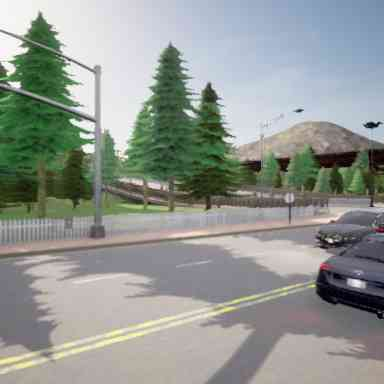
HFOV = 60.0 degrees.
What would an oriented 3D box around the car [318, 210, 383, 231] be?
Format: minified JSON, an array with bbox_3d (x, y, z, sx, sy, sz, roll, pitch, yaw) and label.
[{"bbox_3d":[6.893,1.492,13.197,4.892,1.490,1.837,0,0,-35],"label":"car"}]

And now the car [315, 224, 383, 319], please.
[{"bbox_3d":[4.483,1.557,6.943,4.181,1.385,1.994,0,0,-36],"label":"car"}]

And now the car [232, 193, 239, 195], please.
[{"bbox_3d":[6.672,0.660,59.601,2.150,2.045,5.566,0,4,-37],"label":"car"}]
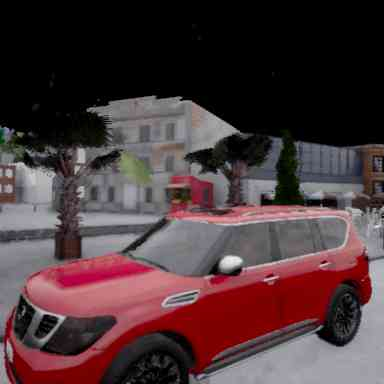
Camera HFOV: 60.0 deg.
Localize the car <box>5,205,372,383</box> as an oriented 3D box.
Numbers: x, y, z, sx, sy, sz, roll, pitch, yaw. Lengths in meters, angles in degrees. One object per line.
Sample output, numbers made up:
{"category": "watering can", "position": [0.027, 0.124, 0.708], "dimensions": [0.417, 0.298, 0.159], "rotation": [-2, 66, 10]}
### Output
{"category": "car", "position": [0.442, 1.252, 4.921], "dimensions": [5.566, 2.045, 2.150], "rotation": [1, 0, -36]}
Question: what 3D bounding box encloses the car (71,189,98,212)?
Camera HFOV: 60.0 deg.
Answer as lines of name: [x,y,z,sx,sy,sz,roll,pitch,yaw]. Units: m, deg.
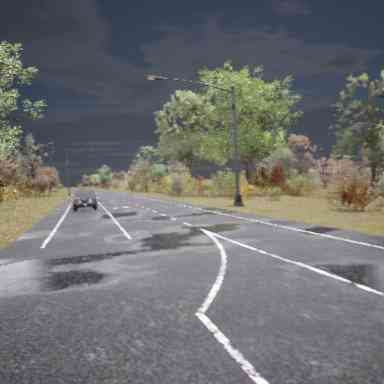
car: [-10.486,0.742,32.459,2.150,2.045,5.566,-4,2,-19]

...

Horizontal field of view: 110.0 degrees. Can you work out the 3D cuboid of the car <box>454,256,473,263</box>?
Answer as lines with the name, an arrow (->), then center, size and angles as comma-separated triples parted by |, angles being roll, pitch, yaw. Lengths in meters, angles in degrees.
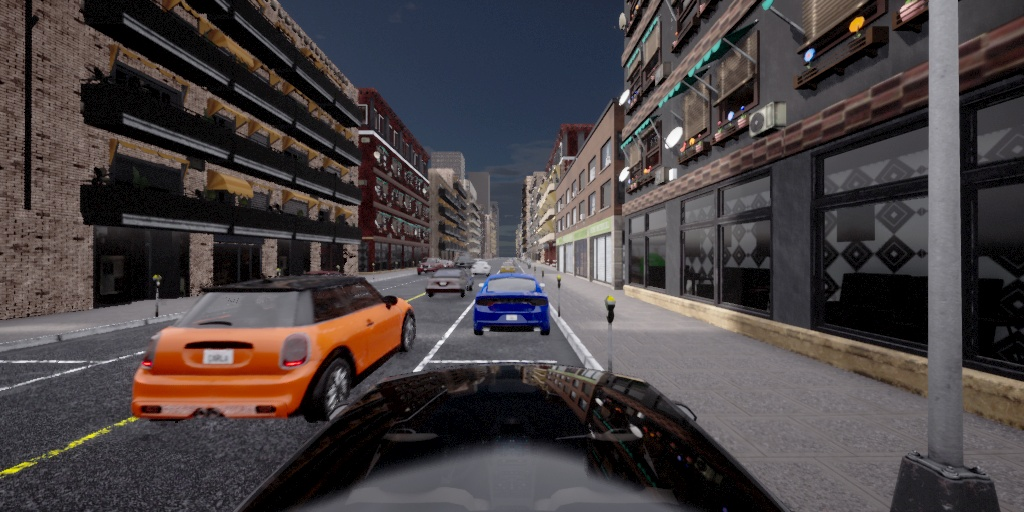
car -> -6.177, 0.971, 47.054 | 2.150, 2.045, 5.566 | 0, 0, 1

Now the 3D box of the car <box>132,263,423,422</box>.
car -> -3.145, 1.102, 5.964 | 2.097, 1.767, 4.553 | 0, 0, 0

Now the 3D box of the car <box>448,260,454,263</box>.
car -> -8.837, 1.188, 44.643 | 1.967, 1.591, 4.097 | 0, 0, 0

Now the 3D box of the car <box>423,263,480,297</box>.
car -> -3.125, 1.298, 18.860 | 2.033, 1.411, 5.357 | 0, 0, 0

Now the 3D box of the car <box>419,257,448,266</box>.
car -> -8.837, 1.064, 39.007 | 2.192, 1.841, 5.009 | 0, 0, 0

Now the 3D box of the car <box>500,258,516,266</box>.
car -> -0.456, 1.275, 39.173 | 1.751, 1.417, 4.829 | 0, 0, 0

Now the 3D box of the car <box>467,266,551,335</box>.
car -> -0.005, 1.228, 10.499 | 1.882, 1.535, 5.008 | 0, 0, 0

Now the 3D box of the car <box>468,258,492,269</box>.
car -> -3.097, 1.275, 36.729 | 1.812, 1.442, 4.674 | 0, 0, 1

--

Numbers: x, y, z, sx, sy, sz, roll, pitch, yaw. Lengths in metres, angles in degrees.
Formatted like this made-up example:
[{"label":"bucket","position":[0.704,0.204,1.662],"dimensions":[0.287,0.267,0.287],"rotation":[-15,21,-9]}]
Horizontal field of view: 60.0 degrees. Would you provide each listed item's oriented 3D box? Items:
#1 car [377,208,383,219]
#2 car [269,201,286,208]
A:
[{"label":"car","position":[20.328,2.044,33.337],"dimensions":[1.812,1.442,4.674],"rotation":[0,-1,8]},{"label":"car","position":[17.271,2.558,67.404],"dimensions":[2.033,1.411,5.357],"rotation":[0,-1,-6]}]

• [INSTRUCTIONS TO FOLLOW]
Gather each line in the data that holds the string "view".

• [COMPLETED TASK]
Horizontal field of view: 110.0 degrees. Can you work out the 3D cuboid of the car <box>454,256,473,263</box>?
Horizontal field of view: 60.0 degrees. Would you provide each listed item's oriented 3D box? Items:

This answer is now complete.